Reality is what reality is (A is A). You see what you get. And there is nothing else
According to Rand, attaining knowledge beyond what is given in perception requires both volition (or the exercise of free will) and adherence to a specific method of validation through observation, concept-formation, and the application of inductive and deductive logic. A belief in, say, dragons, however sincere, does not oblige reality to contain any dragons. For anything that cannot be directly observed, a process of “proof” identifying the basis in reality of the claimed item of knowledge is necessary in order to establish its truth.[25]
Objectivism rejects both faith and “feeling” as sources of knowledge. Rand acknowledged the importance of emotion in human beings, but she maintained that emotions are a consequence of the conscious or subconscious ideas that a person already accepts, not a means of achieving awareness of reality. “Emotions are not tools of cognition.”[26] Peikoff uses “emotionalism”[27] as a synonym for irrationality.
Truth is nothing more than the combination of perceived reality (A is A) and pure rationality. This is a very self-contained attitude. Rand or Rothbard is presenting something that they consider to be self-evident for anyone willing to see the obvious (the axiomatic truth) and able to logically deduce the inevitable conclusion (from those axioms).

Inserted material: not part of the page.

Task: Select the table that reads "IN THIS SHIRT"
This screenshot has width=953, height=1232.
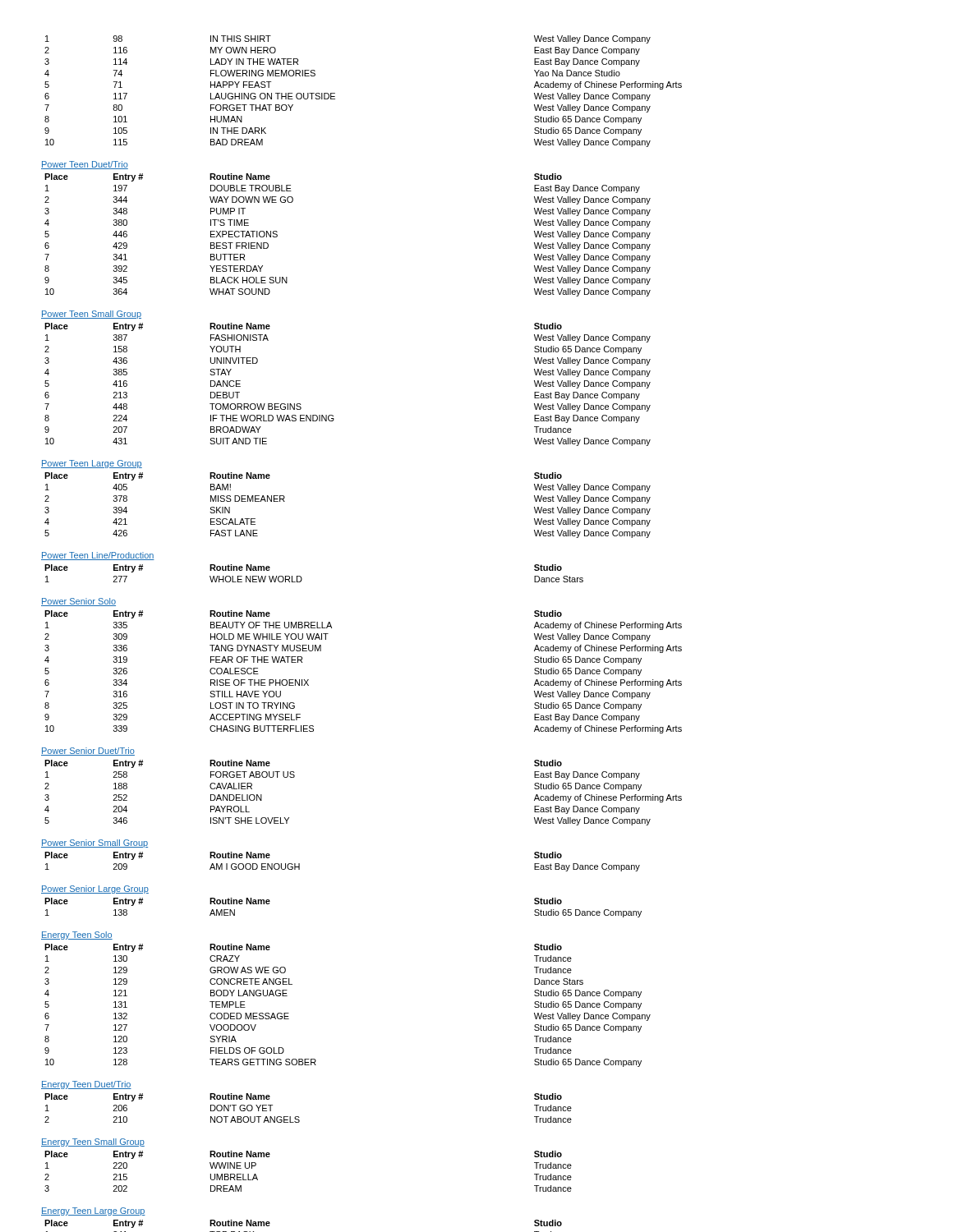Action: 476,90
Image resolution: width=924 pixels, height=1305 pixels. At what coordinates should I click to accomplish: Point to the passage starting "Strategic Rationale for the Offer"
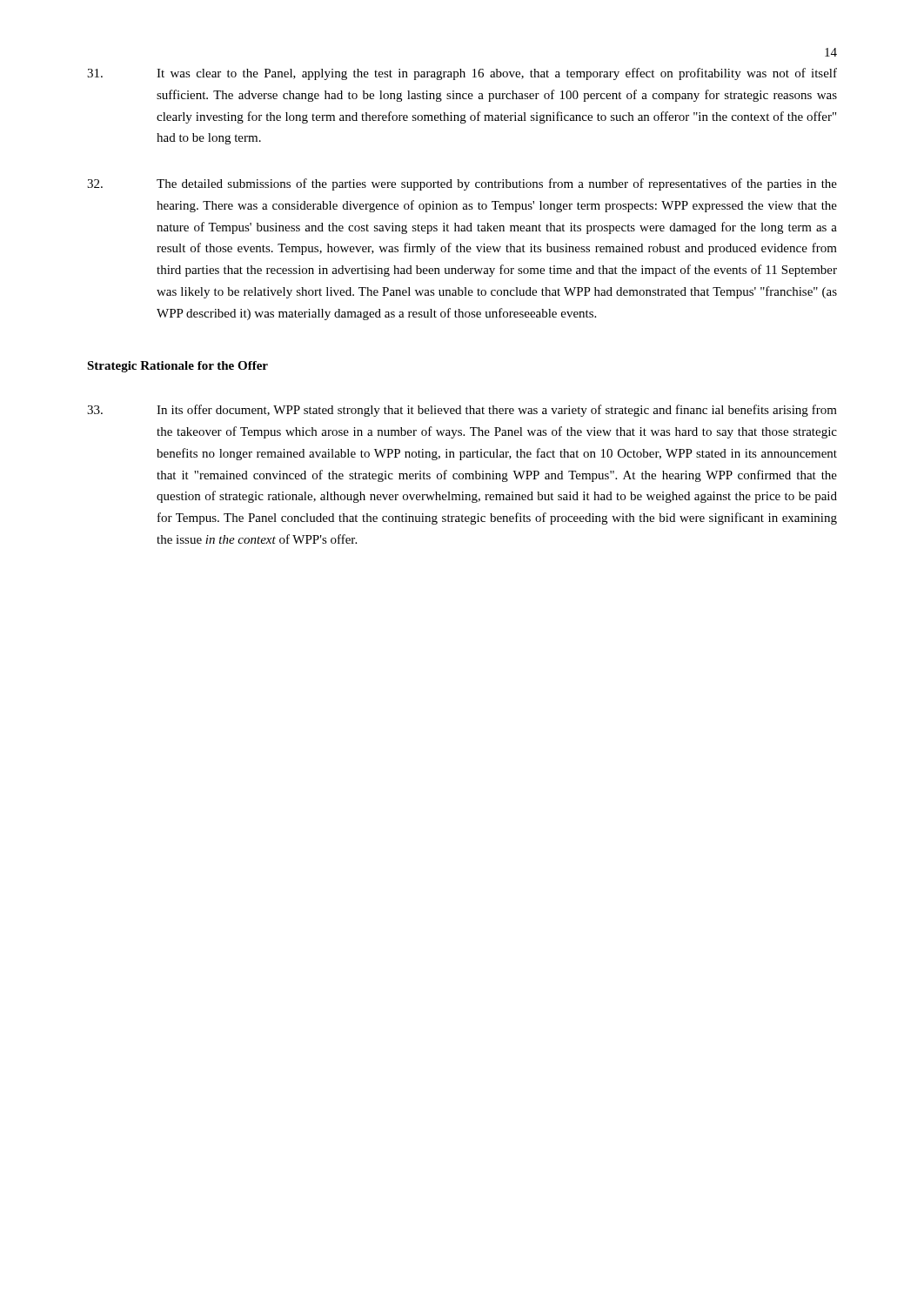coord(178,366)

Integrating with this is Rand’s view that the primary focus of man’s free will is in the choice: to think or not to think. “Thinking is not an automatic function. In any hour and issue of his life, man is free to think or to evade that effort. Thinking requires a state of full, focused awareness. The act of focusing one’s consciousness is volitional. Man can focus his mind to a full, active, purposefully directed awareness of reality—or he can unfocus it and let himself drift in a semiconscious daze, merely reacting to any chance stimulus of the immediate moment, at the mercy of his undirected sensory-perceptual mechanism and of any random, associational connections it might happen to make.”[43] According to Rand, therefore, possessing free will, human beings must choose their values: one does not automatically hold his own life as his ultimate value. Whether in fact a person’s actions promote and fulfill his own life or not is a question of fact, as it is with all other organisms, but whether a person will act in order to promote his well-being is up to him, not hard-wired into his physiology.

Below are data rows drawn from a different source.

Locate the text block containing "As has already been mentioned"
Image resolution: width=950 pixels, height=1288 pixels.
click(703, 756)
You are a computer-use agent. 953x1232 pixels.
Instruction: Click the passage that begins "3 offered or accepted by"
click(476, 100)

This is an extension of something along the lines of the axiom “humans act”. The idealizing of freedom and choosing seems to be a form of heroic existentialism as expressed with Sartre’s radical freedom (it’s because there is no inherent value that we are absolutely free). By acting, we define who we are and we claim self-ownership. The “undirected sensory-perceptual mechanism” is a passive experience that must be acted upon.
Rand summarizes:
If [man] chooses to live, a rational ethics will tell him what principles of action are required to implement his choice. If he does not choose to live, nature will take its course. Reality confronts a man with a great many ‘must’s', but all of them are conditional: the formula of realistic necessity is: ‘you must, if -’ and the if stands for man’s choice: ‘if you want to achieve a certain goal’.[46]
Reality is what reality is, but reality in and of itself is separate from and opposed to rational self-interest. Nature must be tamed by man in order for him to attain his self-imposed goal. Reality is a world of objects and before anything else the object of the self must be taken control of. The method of taking control is rationality and hence actively forcing order upon one’s experience.

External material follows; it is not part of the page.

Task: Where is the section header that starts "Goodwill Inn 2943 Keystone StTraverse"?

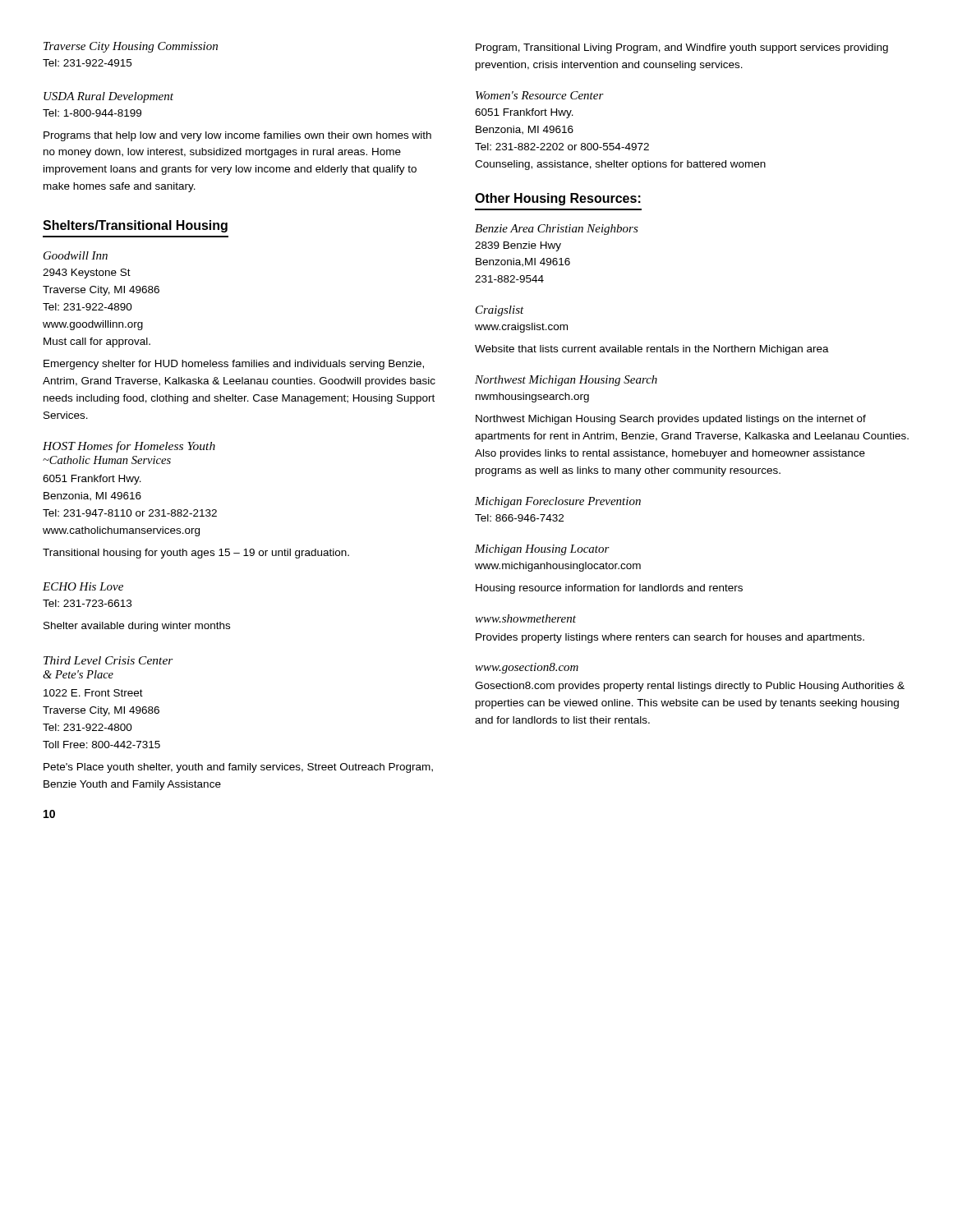Action: pyautogui.click(x=76, y=255)

What is most important in all of this is that everything from this perspective (whether objectivism or anarcho-capitalism) begins with the claim of self-evident axioms. This must be understood in it’s larger context. The more intelligent defenders of this position don’t claim that everything is limited to this axiomatic approach. Much of the hard sciences necessitate research that can lead to objective conclusions, but the social sciences are dismissed out of some generalized criticism of positivism. What this comes down to is that social scientists can’t come to absolute conclusions and therefore all social science is complete bunk. So, all psychology, all sociology, all anthropology, all Keynesian economics based on data about humans, all of it is meaningless. Humans can objectively study the physical world but humans can’t objectively study humans.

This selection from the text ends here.